# [EXERCISE]
Images excluded, reproduce each line of the records exactly as it stands.

──────── RECORDS FOR PROCESSING ────────

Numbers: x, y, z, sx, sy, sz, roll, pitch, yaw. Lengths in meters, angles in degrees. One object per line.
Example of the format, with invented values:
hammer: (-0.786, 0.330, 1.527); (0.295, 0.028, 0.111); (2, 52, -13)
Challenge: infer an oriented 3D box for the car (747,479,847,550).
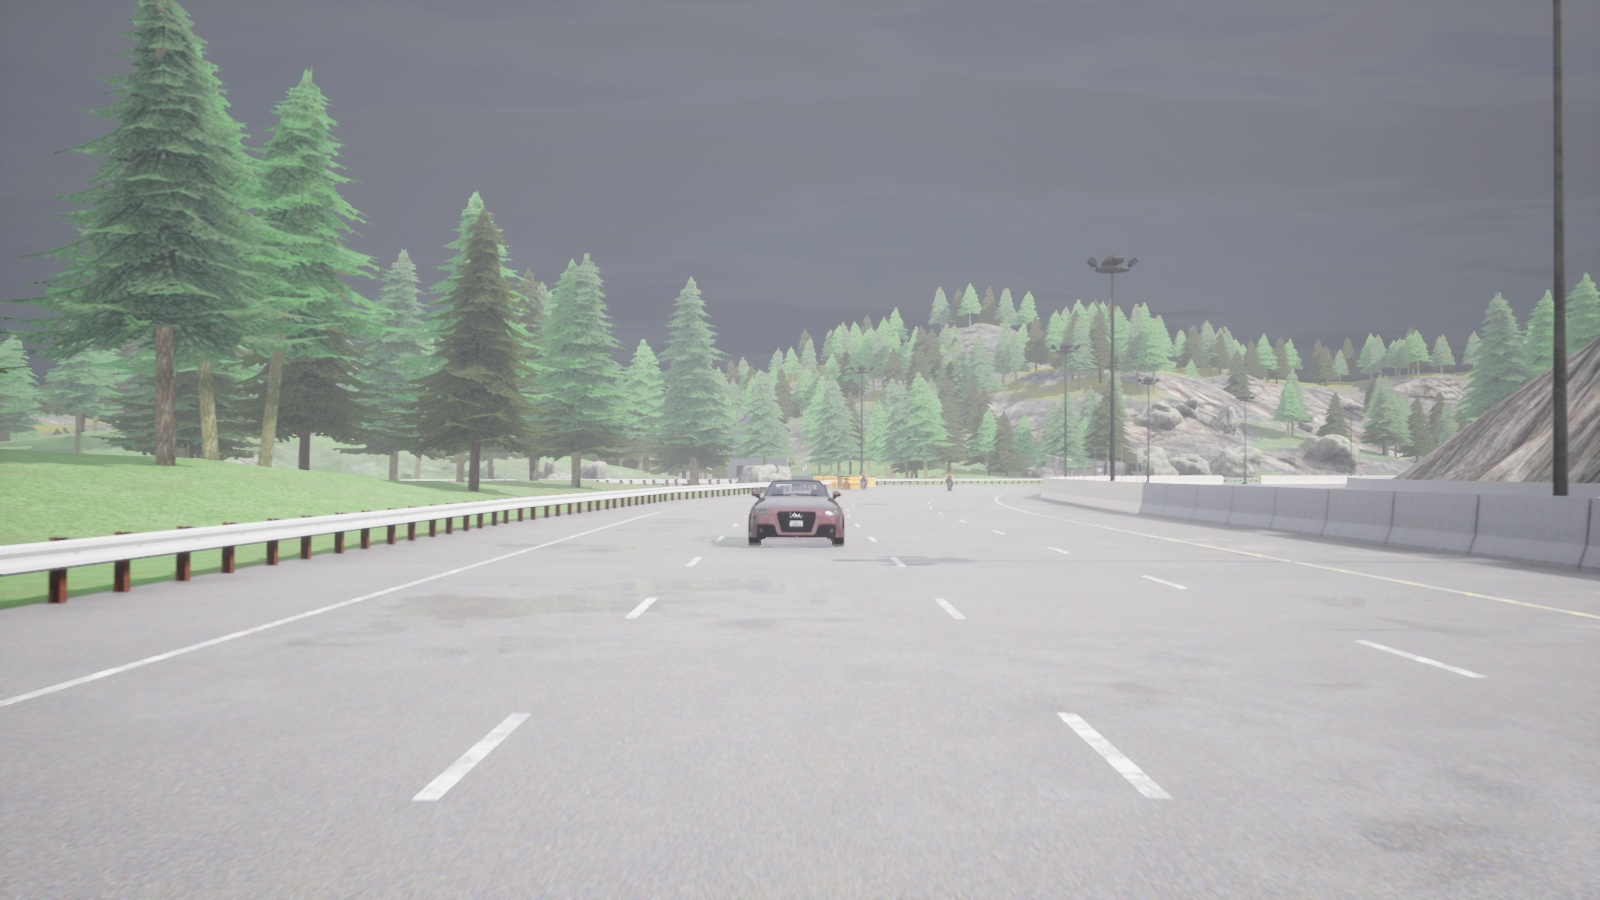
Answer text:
car: (-0.065, 1.333, 27.105); (1.994, 1.385, 4.181); (0, -1, 0)

────────

# [RESULT]
Numbers: x, y, z, sx, sy, sz, roll, pitch, yaw. Lengths in meters, angles in degrees. One object per line.
Example of the format, with invented values:
hammer: (-0.786, 0.330, 1.527); (0.295, 0.028, 0.111); (2, 52, -13)
Challenge: infer an oriented 3D box for the car (747,479,847,550).
Answer text:
car: (-0.065, 1.333, 27.105); (1.994, 1.385, 4.181); (0, -1, 0)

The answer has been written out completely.